David and Felipe on Hall of Impossible Dreams with a deep dive into PhysicsForums and Dead Internet Theory:

The LLM-written portions of this thread are 92% of the total word count. If this were a representative sample of the Internet, it would be reasonable to describe the Internet as ‘dead’.

A flood of AI slop on the internet has profound and unpredictable downstream effects. There's the economic impact of Google Zero, the social implications of treating others like NPCs when you can't be certain if there's a real person behind that account, and so much more. But one effect that sticks in the back of my brain on a low simmer is just distrust of these AI answer bots like Perplexity or Google's AI Overviews. Not specifically because I think they're hallucinating wrong information — which they most certainly are — but more-so because I wonder if they can develop good taste.

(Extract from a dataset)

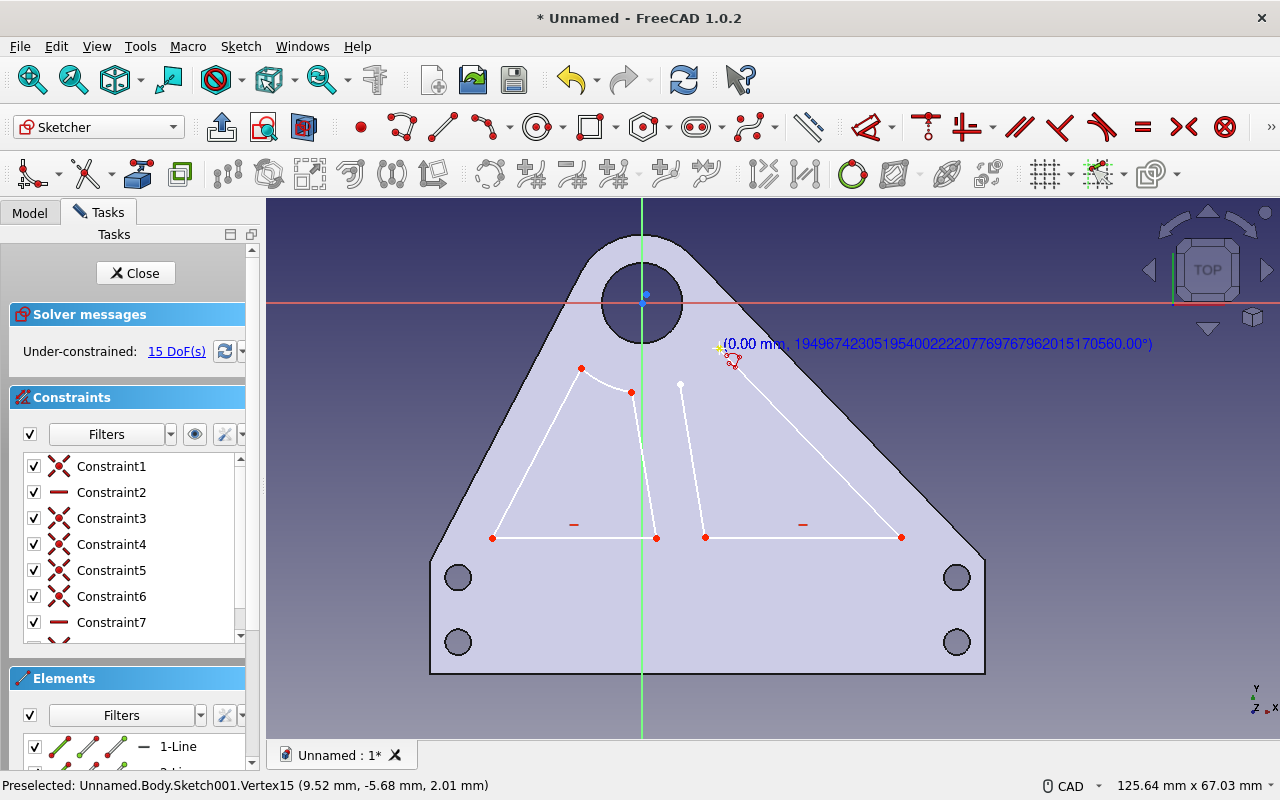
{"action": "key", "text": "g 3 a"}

Whether it's Google wanting to "Do the Googling for you" or OpenAI's Operator that will puppeteer a web browser and take actions on your behalf it's clear that AI companies think consumers will get value by offloading more to these AI systems. However, in their current iteration I see a lot of these products as similar to Buddy the Elf finding the "World's Best Cup of Coffee". Will they be able to develop discerning taste or if I ask them to "Find me the best vacuum cleaner" will they just regurgitate AI slop affiliate marketing listicles? What happens if 80% of the search results become AI slop? I think most people have an intuitive sense of which of the ten blue links they want to trust but will AI be able to develop that sense?

What happens if answer bots have no taste?